**What is needed:** Copy all the data exactly, except the pictures.

(Beginning of Record excerpts)

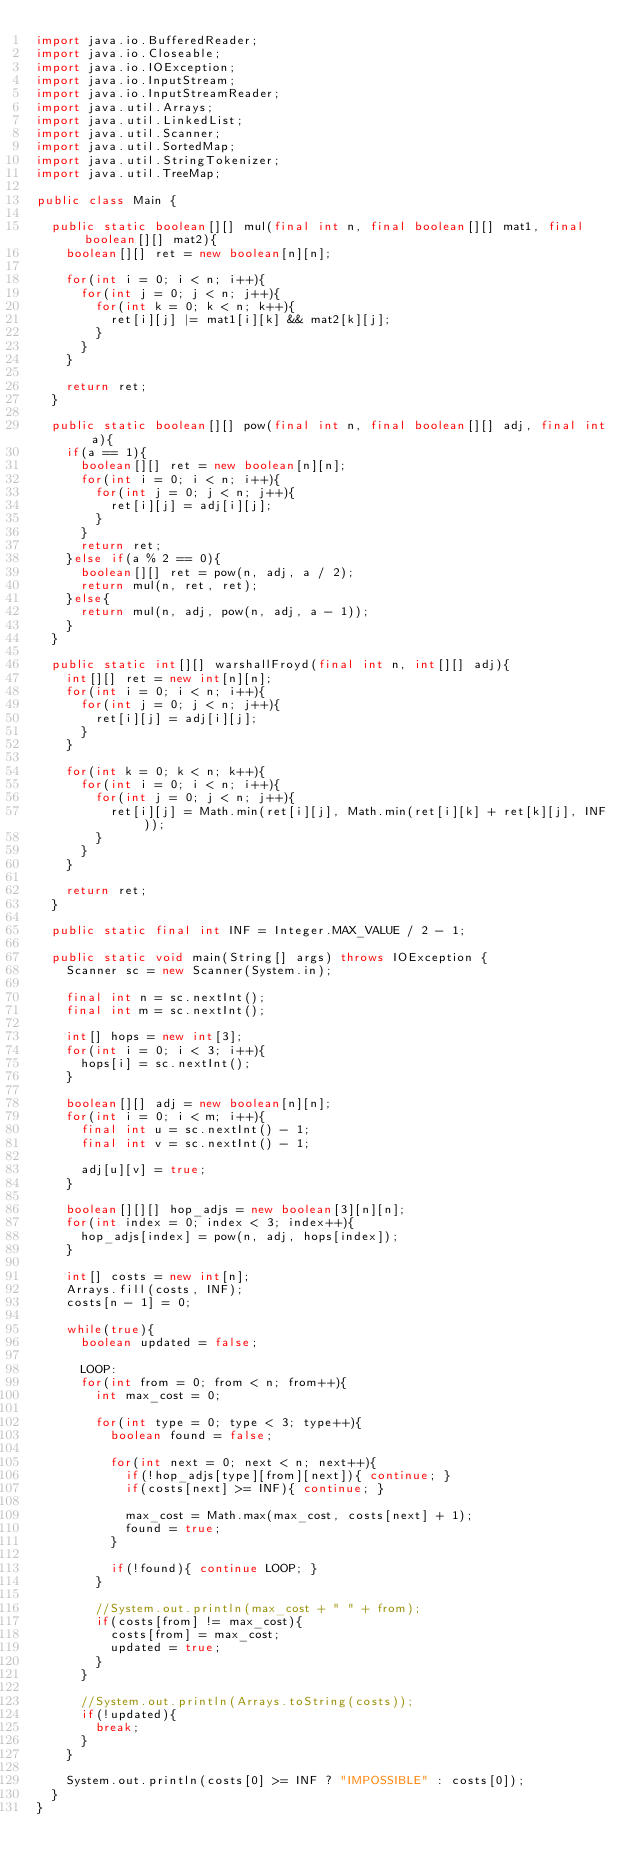<code> <loc_0><loc_0><loc_500><loc_500><_Java_>import java.io.BufferedReader;
import java.io.Closeable;
import java.io.IOException;
import java.io.InputStream;
import java.io.InputStreamReader;
import java.util.Arrays;
import java.util.LinkedList;
import java.util.Scanner;
import java.util.SortedMap;
import java.util.StringTokenizer;
import java.util.TreeMap;
 
public class Main {
	
	public static boolean[][] mul(final int n, final boolean[][] mat1, final boolean[][] mat2){
		boolean[][] ret = new boolean[n][n];
		
		for(int i = 0; i < n; i++){
			for(int j = 0; j < n; j++){
				for(int k = 0; k < n; k++){
					ret[i][j] |= mat1[i][k] && mat2[k][j];
				}
			}
		}
		
		return ret;
	}
	
	public static boolean[][] pow(final int n, final boolean[][] adj, final int a){
		if(a == 1){
			boolean[][] ret = new boolean[n][n];
			for(int i = 0; i < n; i++){
				for(int j = 0; j < n; j++){
					ret[i][j] = adj[i][j];
				}
			}
			return ret;
		}else if(a % 2 == 0){
			boolean[][] ret = pow(n, adj, a / 2);
			return mul(n, ret, ret);
		}else{
			return mul(n, adj, pow(n, adj, a - 1));
		}
	}
	
	public static int[][] warshallFroyd(final int n, int[][] adj){
		int[][] ret = new int[n][n];
		for(int i = 0; i < n; i++){
			for(int j = 0; j < n; j++){
				ret[i][j] = adj[i][j];
			}
		}
		
		for(int k = 0; k < n; k++){
			for(int i = 0; i < n; i++){
				for(int j = 0; j < n; j++){
					ret[i][j] = Math.min(ret[i][j], Math.min(ret[i][k] + ret[k][j], INF));
				}
			}
		}
		
		return ret;
	}
	
	public static final int INF = Integer.MAX_VALUE / 2 - 1;
	
	public static void main(String[] args) throws IOException {
		Scanner sc = new Scanner(System.in);
		
		final int n = sc.nextInt();
		final int m = sc.nextInt();
		
		int[] hops = new int[3];
		for(int i = 0; i < 3; i++){
			hops[i] = sc.nextInt();
		}
		
		boolean[][] adj = new boolean[n][n];
		for(int i = 0; i < m; i++){
			final int u = sc.nextInt() - 1;
			final int v = sc.nextInt() - 1;
			
			adj[u][v] = true;
		}
		
		boolean[][][] hop_adjs = new boolean[3][n][n];
		for(int index = 0; index < 3; index++){
			hop_adjs[index] = pow(n, adj, hops[index]);
		}
		
		int[] costs = new int[n];
		Arrays.fill(costs, INF);
		costs[n - 1] = 0;
		
		while(true){
			boolean updated = false;
			
			LOOP:
			for(int from = 0; from < n; from++){
				int max_cost = 0;
				
				for(int type = 0; type < 3; type++){
					boolean found = false;
					
					for(int next = 0; next < n; next++){
						if(!hop_adjs[type][from][next]){ continue; }
						if(costs[next] >= INF){ continue; }
						
						max_cost = Math.max(max_cost, costs[next] + 1);
						found = true;
					}
					
					if(!found){ continue LOOP; }
				}
				
				//System.out.println(max_cost + " " + from);
				if(costs[from] != max_cost){
					costs[from] = max_cost;
					updated = true;
				}
			}
			
			//System.out.println(Arrays.toString(costs));
			if(!updated){
				break;
			}
		}
		
		System.out.println(costs[0] >= INF ? "IMPOSSIBLE" : costs[0]);
	}
}</code> 
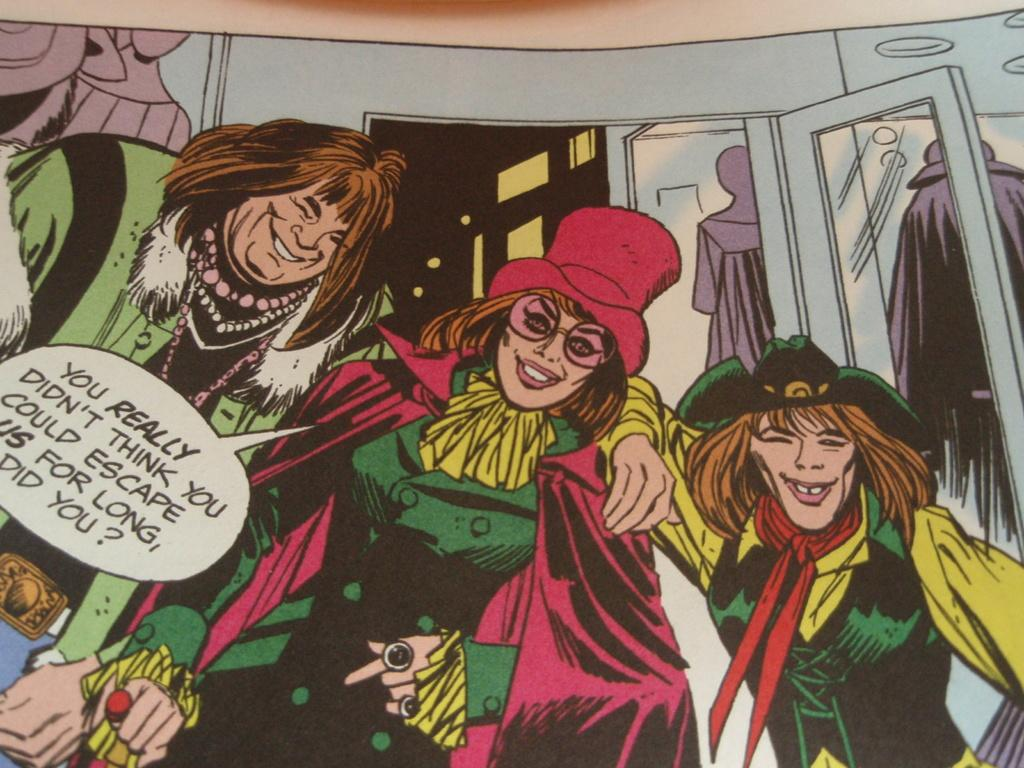What types of images are present in the picture? There are different animated images in the picture. Can you describe any text or writing in the picture? Yes, there is a note written on the left side of the picture. What type of ornament is hanging from the camera in the image? There is no camera present in the image, so it is not possible to determine if there is an ornament hanging from it. 
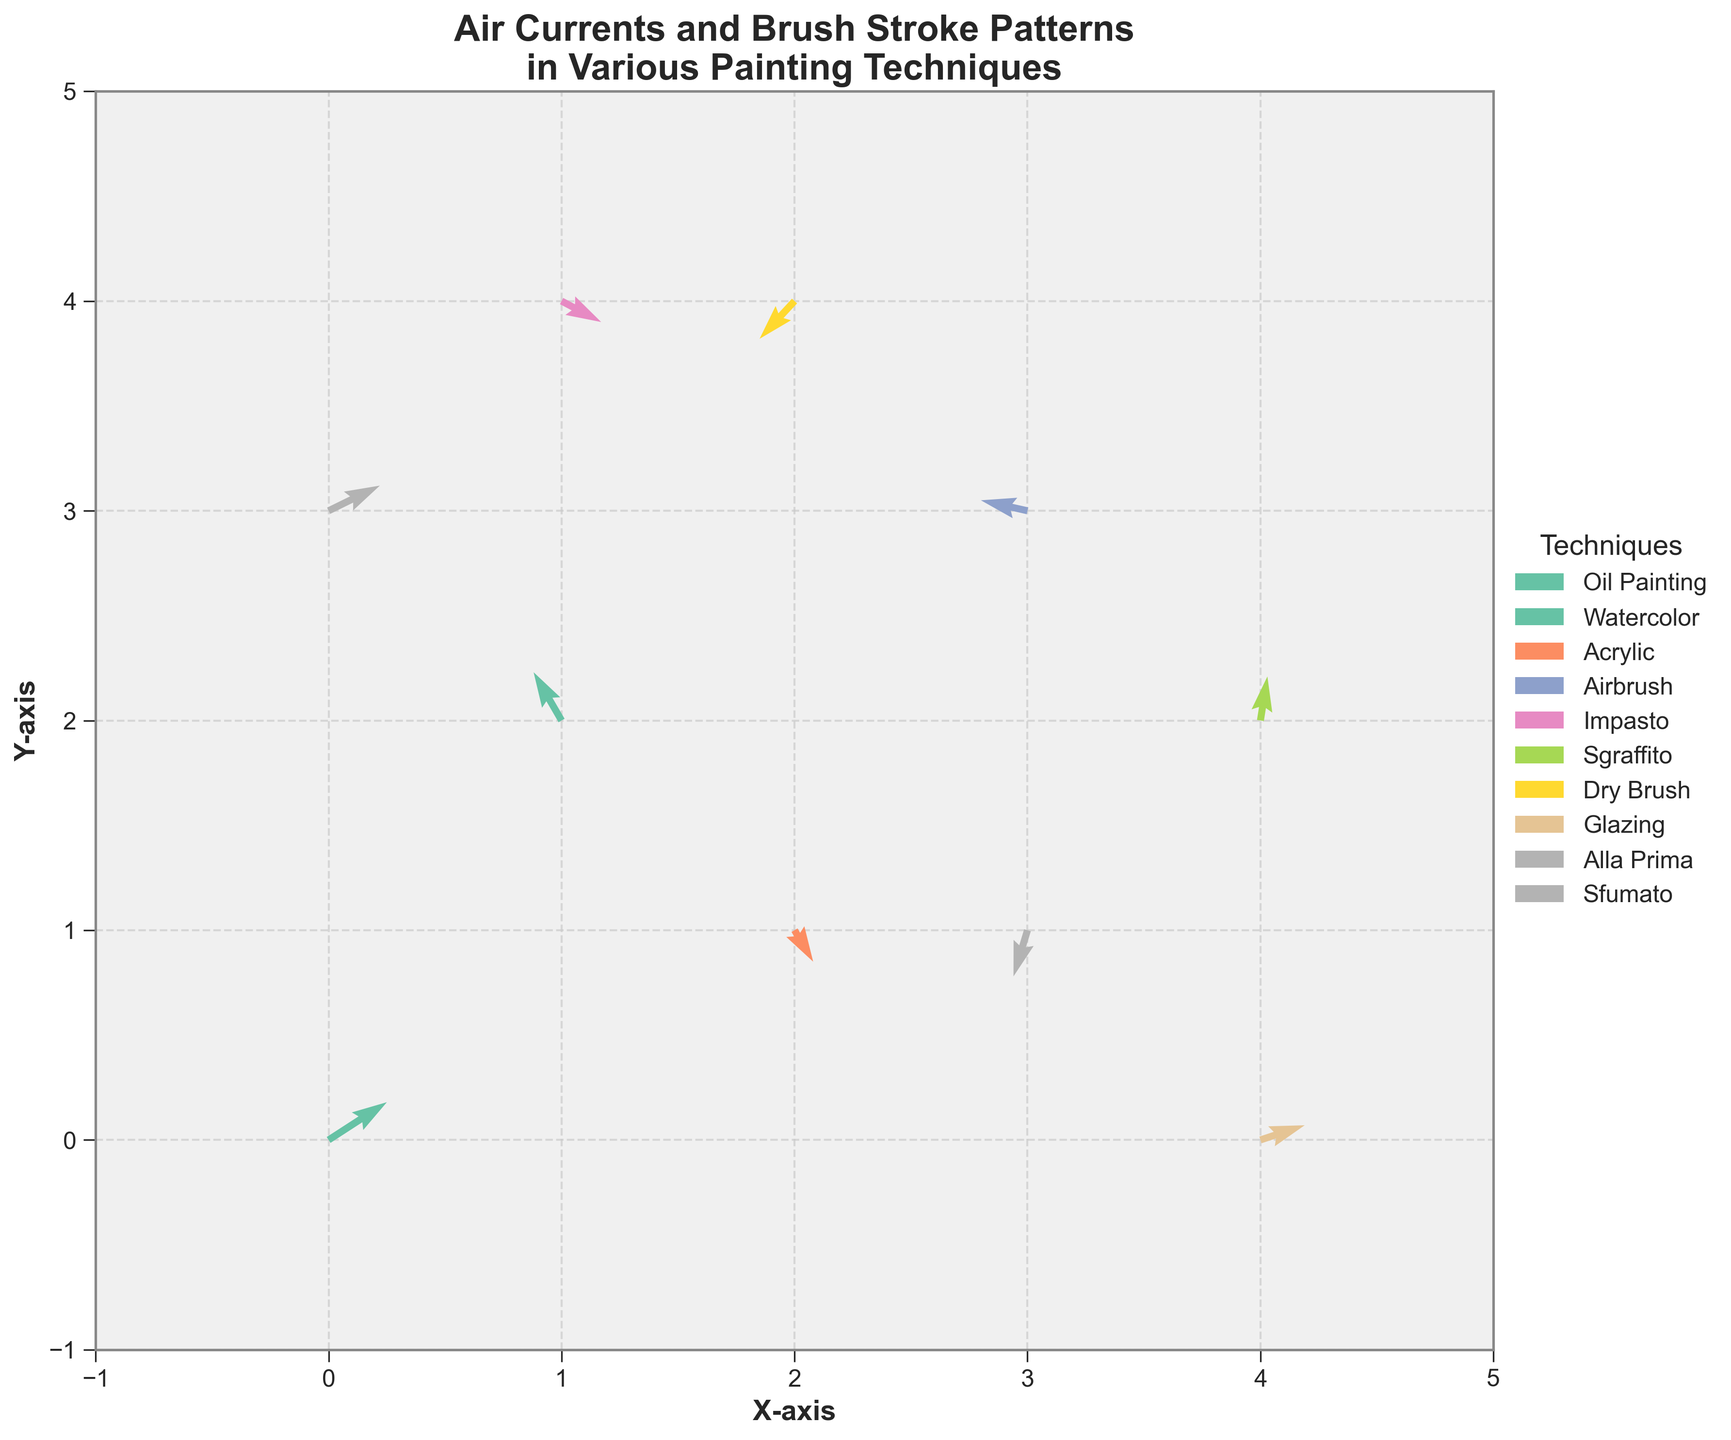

(End of Record excerpts)

**Reply:**
<code> <loc_0><loc_0><loc_500><loc_500><_Java_>import java.io.BufferedReader;
import java.io.Closeable;
import java.io.IOException;
import java.io.InputStream;
import java.io.InputStreamReader;
import java.util.Arrays;
import java.util.LinkedList;
import java.util.Scanner;
import java.util.SortedMap;
import java.util.StringTokenizer;
import java.util.TreeMap;
 
public class Main {
	
	public static boolean[][] mul(final int n, final boolean[][] mat1, final boolean[][] mat2){
		boolean[][] ret = new boolean[n][n];
		
		for(int i = 0; i < n; i++){
			for(int j = 0; j < n; j++){
				for(int k = 0; k < n; k++){
					ret[i][j] |= mat1[i][k] && mat2[k][j];
				}
			}
		}
		
		return ret;
	}
	
	public static boolean[][] pow(final int n, final boolean[][] adj, final int a){
		if(a == 1){
			boolean[][] ret = new boolean[n][n];
			for(int i = 0; i < n; i++){
				for(int j = 0; j < n; j++){
					ret[i][j] = adj[i][j];
				}
			}
			return ret;
		}else if(a % 2 == 0){
			boolean[][] ret = pow(n, adj, a / 2);
			return mul(n, ret, ret);
		}else{
			return mul(n, adj, pow(n, adj, a - 1));
		}
	}
	
	public static int[][] warshallFroyd(final int n, int[][] adj){
		int[][] ret = new int[n][n];
		for(int i = 0; i < n; i++){
			for(int j = 0; j < n; j++){
				ret[i][j] = adj[i][j];
			}
		}
		
		for(int k = 0; k < n; k++){
			for(int i = 0; i < n; i++){
				for(int j = 0; j < n; j++){
					ret[i][j] = Math.min(ret[i][j], Math.min(ret[i][k] + ret[k][j], INF));
				}
			}
		}
		
		return ret;
	}
	
	public static final int INF = Integer.MAX_VALUE / 2 - 1;
	
	public static void main(String[] args) throws IOException {
		Scanner sc = new Scanner(System.in);
		
		final int n = sc.nextInt();
		final int m = sc.nextInt();
		
		int[] hops = new int[3];
		for(int i = 0; i < 3; i++){
			hops[i] = sc.nextInt();
		}
		
		boolean[][] adj = new boolean[n][n];
		for(int i = 0; i < m; i++){
			final int u = sc.nextInt() - 1;
			final int v = sc.nextInt() - 1;
			
			adj[u][v] = true;
		}
		
		boolean[][][] hop_adjs = new boolean[3][n][n];
		for(int index = 0; index < 3; index++){
			hop_adjs[index] = pow(n, adj, hops[index]);
		}
		
		int[] costs = new int[n];
		Arrays.fill(costs, INF);
		costs[n - 1] = 0;
		
		while(true){
			boolean updated = false;
			
			LOOP:
			for(int from = 0; from < n; from++){
				int max_cost = 0;
				
				for(int type = 0; type < 3; type++){
					boolean found = false;
					
					for(int next = 0; next < n; next++){
						if(!hop_adjs[type][from][next]){ continue; }
						if(costs[next] >= INF){ continue; }
						
						max_cost = Math.max(max_cost, costs[next] + 1);
						found = true;
					}
					
					if(!found){ continue LOOP; }
				}
				
				//System.out.println(max_cost + " " + from);
				if(costs[from] != max_cost){
					costs[from] = max_cost;
					updated = true;
				}
			}
			
			//System.out.println(Arrays.toString(costs));
			if(!updated){
				break;
			}
		}
		
		System.out.println(costs[0] >= INF ? "IMPOSSIBLE" : costs[0]);
	}
}</code> 
What types of images are present in the picture? There are different animated images in the picture. Can you describe any text or writing in the picture? Yes, there is a note written on the left side of the picture. What type of ornament is hanging from the camera in the image? There is no camera present in the image, so it is not possible to determine if there is an ornament hanging from it. 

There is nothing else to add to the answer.